-------- PROVIDED INFORMATION

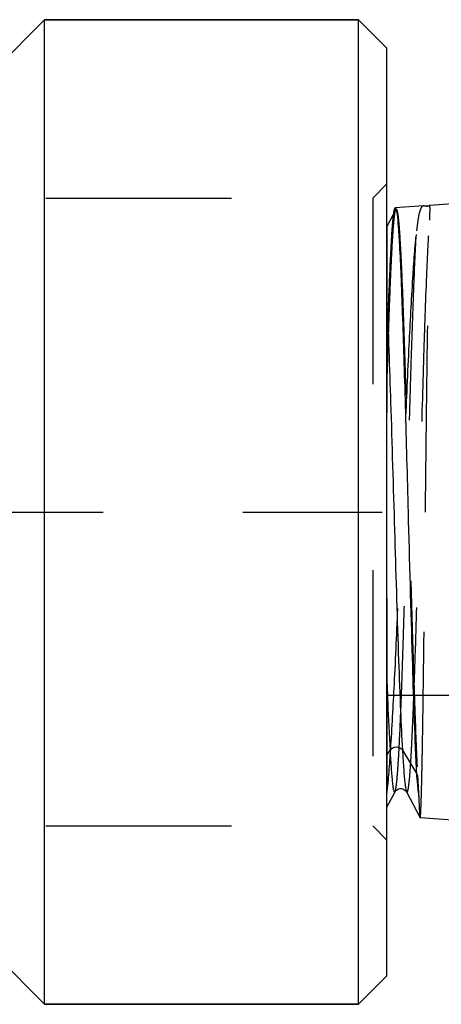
# Model space of a CAD drawing. Header units: millimetres. Extents: x 439 to 561, y 483 to 517.
# Tile 2 of 9: x 500 to 515, y 483 to 517. Entities that reach past the tile are written whole.
import ezdxf

# ---------------------------------------------------------------- set-up
doc = ezdxf.new("R2010")
doc.units = ezdxf.units.MM
doc.header["$LTSCALE"] = 65.185185
doc.linetypes.add('CENTER', pattern=[0.6, 0.375, -0.075, 0.075, -0.075])
doc.linetypes.add('HIDDEN', pattern=[0.2, 0.1, -0.1])
for name, color, linetype in [('ACHSEN_S', 7, 'CONTINUOUS'), ('FASEN', 7, 'CONTINUOUS'), ('KOERPER', 7, 'CONTINUOUS'), ('KONST.EL_MIT_GEO', 7, 'CONTINUOUS')]:
    doc.layers.add(name, color=color, linetype=linetype)

msp = doc.modelspace()

# ---------------------------------------------------------------- linework, layer by layer
at = {"layer": 'ACHSEN_S', "color": 2, "linetype": 'CENTER'}
msp.add_line((439.256, 500), (560.744, 500), dxfattribs=at)
at = {"layer": 'FASEN', "color": 7, "linetype": 'Continuous'}
for p, q in [((500.756, 517.25), (511.756, 517.25)), ((511.756, 482.75), (511.756, 517.25)), ((512.756, 516.25), (511.756, 517.25)), ((512.756, 483.75), (512.756, 516.25)), ((512.756, 483.75), (511.756, 482.75)), ((500.756, 482.75), (511.756, 482.75))]:
    msp.add_line(p, q, dxfattribs=at)
at = {"layer": 'FASEN', "color": 8, "linetype": 'HIDDEN'}
for p, q in [((512.256, 511), (512.756, 511.5)), ((512.256, 511), (512.256, 489)), ((512.256, 489), (512.756, 488.5))]:
    msp.add_line(p, q, dxfattribs=at)
at = {"layer": 'KOERPER', "color": 7, "linetype": 'Continuous'}
for p, q in [((500.756, 517.25), (499.006, 515.5)), ((500.756, 482.75), (500.756, 517.25)), ((511.756, 517.25), (500.756, 517.25)), ((500.756, 482.75), (499.006, 484.5)), ((511.756, 482.75), (500.756, 482.75))]:
    msp.add_line(p, q, dxfattribs=at)
at = {"layer": 'KONST.EL_MIT_GEO', "color": 8, "linetype": 'HIDDEN'}
for p, q in [((487.756, 511), (512.256, 511)), ((513.093, 510.604), (513.06, 510.652)), ((512.756, 510.001), (512.756, 489.654)), ((512.814, 507.238), (512.815, 507.274)), ((538.461, 506.419), (512.756, 506.419)), ((512.756, 493.581), (538.461, 493.581)), ((513.789, 490.837), (513.827, 490.773)), ((513.827, 490.773), (513.794, 490.732)), ((487.756, 489), (512.256, 489))]:
    msp.add_line(p, q, dxfattribs=at)
at = {"layer": 'KONST.EL_MIT_GEO', "color": 7, "linetype": 'Continuous'}
for p, q in [((514.039, 510.725), (513.048, 510.659)), ((513.048, 510.659), (513.06, 510.652)), ((515.056, 510.793), (514.243, 510.739)), ((513.067, 510.598), (512.756, 510.001)), ((512.756, 491.474), (512.863, 491.651)), ((513.299, 491.651), (513.789, 490.837)), ((512.756, 489.653), (513.038, 490.192)), ((513.442, 490.193), (513.915, 489.285)), ((513.915, 489.285), (513.917, 489.283)), ((515.056, 489.207), (513.917, 489.283))]:
    msp.add_line(p, q, dxfattribs=at)
for points in [[(514.236, 510.737), (514.217, 510.729), (514.172, 510.716), (514.121, 510.714), (514.078, 510.72)], [(513.038, 490.192), (513.043, 490.201), (513.051, 490.214), (513.065, 490.231), (513.089, 490.254), (513.121, 490.276), (513.161, 490.295), (513.208, 490.307), (513.26, 490.309), (513.308, 490.299), (513.35, 490.281), (513.386, 490.258), (513.412, 490.234), (513.427, 490.216), (513.436, 490.203), (513.442, 490.192)]]:
    msp.add_lwpolyline(points, dxfattribs=at)
at = {"layer": 'KONST.EL_MIT_GEO', "color": 8, "linetype": 'HIDDEN'}
for centre, radius, start, end in [((516.374, 509.991), 3.412, 172.1037, 172.7685), ((802.895, 496.699), 290.273, 177.91926, 178.08319), ((929.991, 492.468), 417.439, 178.08633, 178.2089)]:
    msp.add_arc(centre, radius, start, end, dxfattribs=at)
at = {"layer": 'KONST.EL_MIT_GEO', "color": 7, "linetype": 'Continuous'}
for centre, radius, start, end in [((564.848, 494.546), 52.066, 183.1872, 183.4672), ((583.343, 494.406), 69.645, 182.79614, 183.02436)]:
    msp.add_arc(centre, radius, start, end, dxfattribs=at)
for points, knots in [([(512.994, 510.46), (512.998, 510.489), (513.005, 510.538), (513.019, 510.602), (513.029, 510.639), (513.042, 510.659), (513.048, 510.659)], [0, 0, 0, 0, 0.416287, 0.718951, 0.909645, 1, 1, 1, 1]), ([(513.06, 510.652), (513.068, 510.641), (513.079, 510.605), (513.086, 510.569), (513.09, 510.546)], [0, 0, 0, 0, 0.366982, 1, 1, 1, 1]), ([(514.236, 510.737), (514.222, 510.73), (514.18, 510.689), (514.116, 510.711), (514.078, 510.72)], [0, 0, 0, 0, 0.28611, 1, 1, 1, 1]), ([(514.243, 510.739), (514.242, 510.739), (514.239, 510.738), (514.237, 510.737), (514.236, 510.737)], [0, 0, 0, 0, 0.455642, 1, 1, 1, 1]), ([(513.09, 510.546), (513.117, 510.401), (513.151, 509.999), (513.201, 509.246), (513.248, 508.2), (513.297, 506.895), (513.347, 505.372), (513.415, 503.049), (513.463, 501.239), (513.496, 500)], [0, 0, 0, 0, 0.042076, 0.114333, 0.214555, 0.339591, 0.485492, 0.647665, 1, 1, 1, 1]), ([(512.756, 507.275), (512.812, 506.045), (512.903, 503.317), (513.025, 499.157), (513.131, 495.638), (513.223, 493.158), (513.272, 492.11), (513.299, 491.651)], [0, 0, 0, 0, 0.236224, 0.523799, 0.798726, 0.911871, 1, 1, 1, 1]), ([(513.496, 500), (513.542, 498.295), (513.623, 495.297), (513.717, 492.3), (513.78, 491.009)], [0, 0, 0, 0, 0.568878, 1, 1, 1, 1]), ([(512.756, 494.004), (512.765, 493.777), (512.795, 492.993), (512.83, 492.208), (512.863, 491.651)], [0, 0, 0, 0, 0.28943, 1, 1, 1, 1]), ([(512.863, 491.651), (512.905, 491.722), (513.081, 491.81), (513.257, 491.722), (513.299, 491.651)], [0, 0, 0, 0, 0.5, 1, 1, 1, 1]), ([(513.299, 491.651), (513.31, 491.458), (513.33, 491.118), (513.361, 490.722), (513.387, 490.477), (513.404, 490.348), (513.421, 490.258), (513.434, 490.209), (513.442, 490.193)], [0, 0, 0, 0, 0.395906, 0.696915, 0.810406, 0.898762, 0.961878, 1, 1, 1, 1]), ([(512.878, 491.398), (512.884, 491.294), (512.896, 491.101), (512.916, 490.834), (512.936, 490.613), (512.955, 490.437), (512.974, 490.309), (512.99, 490.229), (513.005, 490.193), (513.015, 490.177), (513.031, 490.179), (513.035, 490.187), (513.038, 490.192)], [0, 0, 0, 0, 0.247505, 0.460218, 0.637118, 0.777549, 0.881064, 0.947628, 0.967388, 0.97908, 0.987012, 1, 1, 1, 1]), ([(513.794, 490.732), (513.801, 490.662), (513.824, 490.412), (513.851, 490.163), (513.874, 489.984)], [0, 0, 0, 0, 0.281065, 1, 1, 1, 1]), ([(513.874, 489.984), (513.877, 489.888), (513.882, 489.72), (513.891, 489.526), (513.899, 489.409), (513.903, 489.35), (513.908, 489.312), (513.911, 489.291), (513.915, 489.285)], [0, 0, 0, 0, 0.412973, 0.718719, 0.830473, 0.914599, 0.971047, 1, 1, 1, 1])]:
    msp.add_open_spline(points, degree=3, knots=knots, dxfattribs=at)
at = {"layer": 'KONST.EL_MIT_GEO', "color": 8, "linetype": 'HIDDEN'}
msp.add_open_spline([(513.067, 510.598), (513.07, 510.603), (513.073, 510.608), (513.077, 510.611)], degree=3, dxfattribs=at)
for points, knots in [([(513.077, 510.611), (513.078, 510.611), (513.08, 510.612), (513.082, 510.612), (513.083, 510.612)], [0, 0, 0, 0, 0.520516, 1, 1, 1, 1]), ([(513.083, 510.612), (513.085, 510.612), (513.089, 510.609), (513.092, 510.606), (513.093, 510.604)], [0, 0, 0, 0, 0.426467, 1, 1, 1, 1]), ([(513.093, 510.604), (513.106, 510.585), (513.121, 510.514), (513.144, 510.379), (513.165, 510.175), (513.187, 509.905), (513.21, 509.571), (513.242, 509.004), (513.281, 508.153), (513.326, 506.979), (513.371, 505.624), (513.416, 504.122), (513.461, 502.514), (513.507, 500.84), (513.567, 498.602), (513.638, 495.965), (513.724, 493.177), (513.789, 491.494), (513.827, 490.773)], [0, 0, 0, 0, 0.003593, 0.010547, 0.020877, 0.034535, 0.051435, 0.071474, 0.120426, 0.180129, 0.249036, 0.325363, 0.407133, 0.492232, 0.578459, 0.745418, 0.890891, 1, 1, 1, 1]), ([(514.039, 510.725), (514.005, 510.723), (513.956, 510.673), (513.921, 510.589), (513.876, 510.441), (513.833, 510.191), (513.806, 509.973), (513.793, 509.847)], [0, 0, 0, 0, 0.106686, 0.189374, 0.297618, 0.5947, 1, 1, 1, 1]), ([(514.256, 510.229), (514.259, 510.303), (514.264, 510.428), (514.265, 510.597), (514.266, 510.677), (514.255, 510.74), (514.243, 510.739)], [0, 0, 0, 0, 0.433415, 0.744341, 0.931059, 1, 1, 1, 1]), ([(512.756, 504.408), (512.768, 504.832), (512.793, 505.645), (512.832, 506.803), (512.87, 507.836), (512.908, 508.723), (512.946, 509.448), (512.978, 509.944), (513.007, 510.25), (513.025, 510.41), (513.044, 510.52), (513.057, 510.579), (513.067, 510.598)], [0, 0, 0, 0, 0.205096, 0.393222, 0.560836, 0.70487, 0.822649, 0.912023, 0.945535, 0.971403, 0.989541, 1, 1, 1, 1]), ([(512.96, 510.14), (512.962, 510.167), (512.97, 510.26), (512.98, 510.354), (512.988, 510.421)], [0, 0, 0, 0, 0.28496, 1, 1, 1, 1]), ([(512.815, 507.274), (512.836, 507.847), (512.875, 508.803), (512.926, 509.759), (512.96, 510.14)], [0, 0, 0, 0, 0.599776, 1, 1, 1, 1]), ([(513.442, 490.192), (513.445, 490.187), (513.453, 490.172), (513.476, 490.187), (513.484, 490.219), (513.498, 490.268), (513.51, 490.338), (513.523, 490.43), (513.536, 490.541), (513.555, 490.731), (513.577, 491.018), (513.603, 491.419), (513.628, 491.894), (513.654, 492.438), (513.68, 493.047), (513.715, 493.972), (513.779, 495.839), (513.861, 498.699), (513.956, 502.196), (514.05, 505.468), (514.13, 507.867), (514.2, 509.382), (514.236, 509.977), (514.256, 510.229)], [0, 0, 0, 0, 0.000991, 0.001728, 0.003265, 0.0058, 0.009358, 0.013944, 0.019552, 0.026171, 0.042381, 0.062436, 0.086157, 0.113337, 0.143742, 0.177109, 0.251582, 0.422484, 0.60406, 0.773711, 0.911003, 0.962306, 1, 1, 1, 1]), ([(514.105, 500), (514.117, 501.11), (514.141, 503.22), (514.176, 506.123), (514.212, 508.423), (514.238, 509.723), (514.256, 510.229)], [0, 0, 0, 0, 0.325445, 0.618869, 0.851349, 1, 1, 1, 1]), ([(512.756, 490.111), (512.815, 490.632), (512.907, 491.918), (513.029, 494.143), (513.151, 496.878), (513.276, 499.885), (513.4, 502.905), (513.522, 505.677), (513.644, 507.963), (513.736, 509.298), (513.793, 509.847)], [0, 0, 0, 0, 0.07956, 0.195654, 0.338263, 0.495057, 0.652502, 0.79704, 0.916261, 1, 1, 1, 1]), ([(513.038, 490.192), (513.051, 490.218), (513.067, 490.3), (513.091, 490.455), (513.114, 490.683), (513.138, 490.98), (513.162, 491.343), (513.196, 491.952), (513.237, 492.856), (513.284, 494.092), (513.33, 495.503), (513.377, 497.047), (513.44, 499.246), (513.515, 501.995), (513.602, 505.089), (513.688, 507.686), (513.753, 509.215), (513.793, 509.847)], [0, 0, 0, 0, 0.004442, 0.012491, 0.024134, 0.039287, 0.057839, 0.079646, 0.132348, 0.19583, 0.26824, 0.347508, 0.431401, 0.603748, 0.766757, 0.903435, 1, 1, 1, 1]), ([(513.917, 489.283), (513.922, 489.283), (513.924, 489.309), (513.931, 489.339), (513.935, 489.408), (513.941, 489.495), (513.947, 489.611), (513.955, 489.814), (513.965, 490.129), (513.977, 490.576), (513.988, 491.115), (514, 491.74), (514.012, 492.444), (514.023, 493.221), (514.039, 494.38), (514.059, 495.95), (514.082, 497.935), (514.097, 499.303), (514.105, 500)], [0, 0, 0, 0, 0.001295, 0.004915, 0.010919, 0.019302, 0.030044, 0.043122, 0.076158, 0.118093, 0.168524, 0.226969, 0.292858, 0.365561, 0.444376, 0.617264, 0.804867, 1, 1, 1, 1]), ([(513.827, 490.773), (513.831, 490.699), (513.845, 490.437), (513.86, 490.174), (513.874, 489.984)], [0, 0, 0, 0, 0.279241, 1, 1, 1, 1])]:
    msp.add_open_spline(points, degree=3, knots=knots, dxfattribs=at)
at = {"layer": 'KONST.EL_MIT_GEO', "color": 7, "linetype": 'Continuous'}
msp.add_open_spline([(514.078, 510.72), (514.065, 510.724), (514.052, 510.726), (514.039, 510.725)], degree=3, dxfattribs=at)

doc.saveas('drawing.dxf')

----------------

ACTIVITY ->
Could you state how many lines of the data include the word "KOERPER"? Only the number is needed.

REPLY TO THE TASK ->
2